The design and distribution of financial service products have been a focus for the EU Commission for many years.  Following lengthy consultation, the Commission has recently published proposals in its Retail Investment Package to harmonise and strengthen the regulations for retail investors.  The Commission’s aims are laudable: “to ensure that retail investors receive the same treatment and protection regardless of which investments products, marketing and distribution channels they choose.”  In this context the Commission has paid particular attention to Investment-based Insurance Products “IBIPs”, the product structure most closely associated with unit-linked providers and those who distribute them, including those operating on a cross-border basis, and have added further protections

The Commission also aims to increase retail participation in financial securities (shares, bonds, mutual funds and derivatives).  The current level of participation is only 17%, which is below other markets.  Following a number of years of a low interest environment the Commission recognise that investors will need to invest in such financial securities if they are to generate sufficient income for their retirement. It is more important than ever to ensure novice investors are protected.

Unfortunately, whilst the aims are incontrovertible, the methods are likely to cause significant problems for the manufacturers and distributors of IBIPs. Here are a few examples.

The Commission proposes that the promoters of multi-option products (“MOPs”) – those which can link to a wide range of underlying funds – must provide a Key Information Document (“KIDs”) which is more fund specific than is currently the case. Greater and more detail will be required on the overall costs, the environmental sustainability and the risks of each fund. How the provider of the MOP or the adviser are meant to achieve this is not entirely clear as they won’t necessarily have access to all the required information for the underlying fund.  This is likely to result in potential investors being presented with detailed information on possibly ten to twenty underlying funds, the composition of which may change almost immediately if fund switching takes place the day after the product has been issued.  Since the MOP itself is ESG neutral and carries no investment risk, would it not be better to present the KID at a product level which would allow a true comparison between the product providers?  Under this proposal it seems that the customer has to make two choices – which wrapper to hold the assets in and secondly which underlying funds it will contain.  Would it not be better to treat the two decisions as distinct without the second clouding the first?

A second example of this more prescriptive EU approach is the proposal to clarify the nature of the best interests of a potential customer.
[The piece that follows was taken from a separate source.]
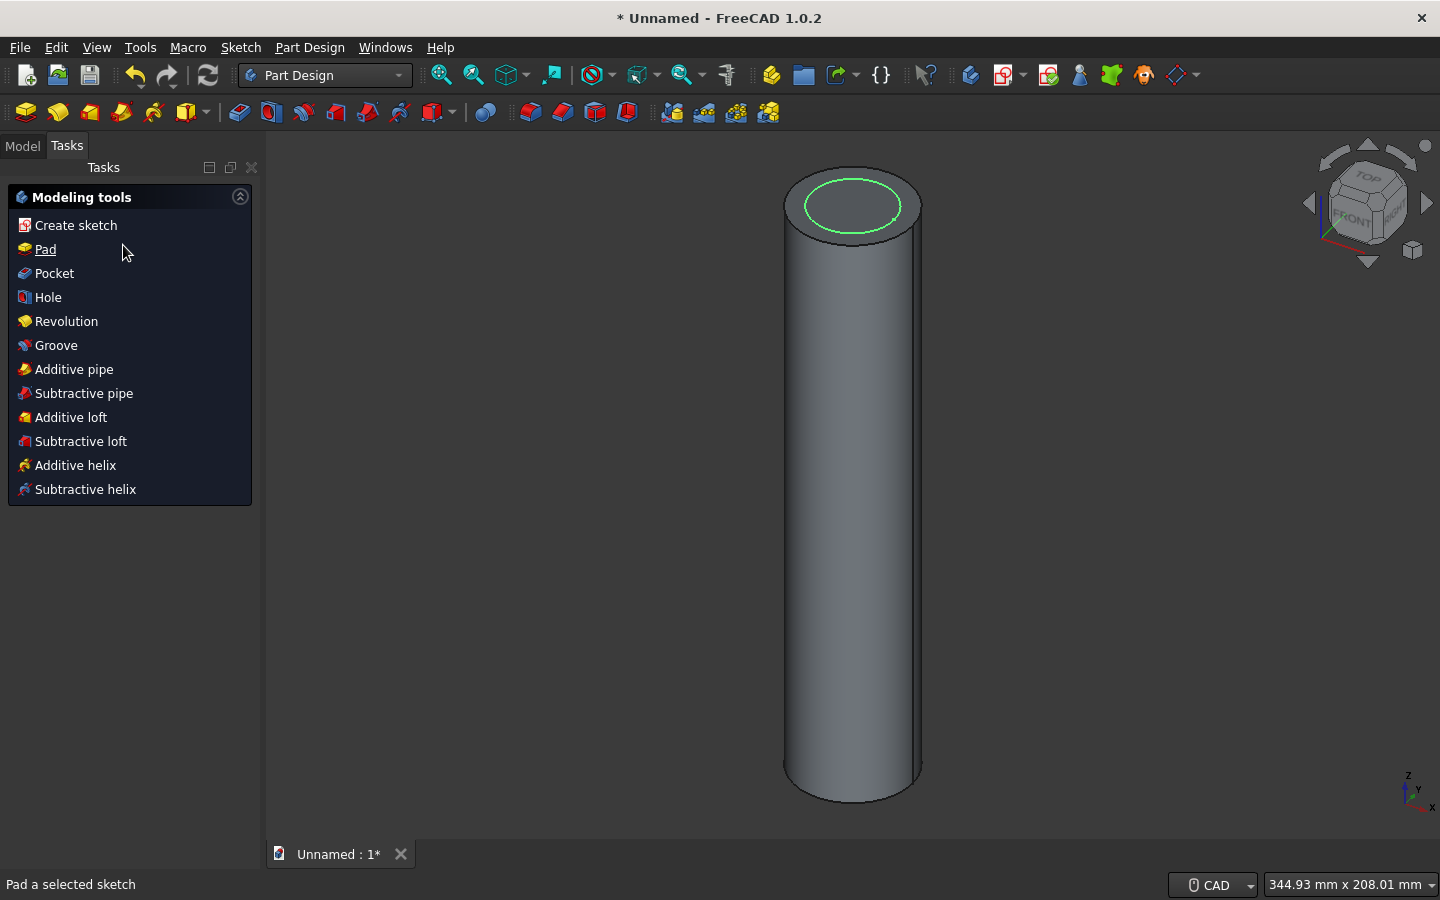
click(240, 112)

Advisers must “recommend the most cost-efficient insurance-based investment product”. Objectively, this appears to be addressing the issues through a very narrow lens. What about customers with complex financial planning needs who are happy to pay for an enhanced advice service?  What about those customers seeking a wider range of underlying funds? What happens to customers who have particular family wealth and succession planning needs and are prepared to pay extra for advice to structure their wealth?   All advisers should surely be at liberty to address the needs and requirements of the customers without such a bias towards cost.

The Commission is also moving towards a ban on “inducements”, including commission payments.  Although it proposes such payments will be tolerated in the short-term any adviser who receives a commission rather than a fee for an IBIP will no longer be able to describe their advice as “independent”.   Will this encourage an adviser recommending a product other than IBIP, where inducements are still allowed?

The Commission plans to revisit the question of inducements in three years’ time.  To help it make an informed decision in the interim it is requiring manufacturers and distributors to submit data on the distribution costs to their respective national regulators.

 Uniquely for IBIPs it is the product manufacturer that is required to provide all of the cost information even though it is unlikely to know the total distribution costs unless it has a tied or direct sales force.

And one final example of how the Commission is making it more difficult for IBIP manufacturers and distributors. The Commission plans to raise the bar for product manufacturers when they approve and review products that appear to go beyond the current requirements of the Insurance Distribution Directive.  It will be necessary to assess the risk of the features, costs and risks of the IBIP to ensure they won’t be misunderstood. Perhaps most the worrying aspect of this is a proposal that the products must be measured against a benchmark, which has yet to be defined, but is to be developed by the European insurance regulator EIOPA. A product manufacturer can depart from the benchmark but must then show the costs and charges are “justified and proportionate”.  How many companies will be prepared to take the risk of a local regulator ruling several years after launch that the costs cannot be justified?   The introduction of such a benchmark is likely to lead to products clustering within a narrow range around the benchmark, potentially stifling true innovation and competition.  On the face of it, this proposal appears unlikely to advance the Commission’s stated aim of encouraging greater retail investment in the capital markets.

In summary whilst the motives and aims of the Commission are to be supported its suggested methods, whether by design or as an unintended consequence, are likely to make compliance with the regulations more onerous and more costly for IBIP manufacturers and distributors, potentially reducing their attraction, and consumer choice in the process.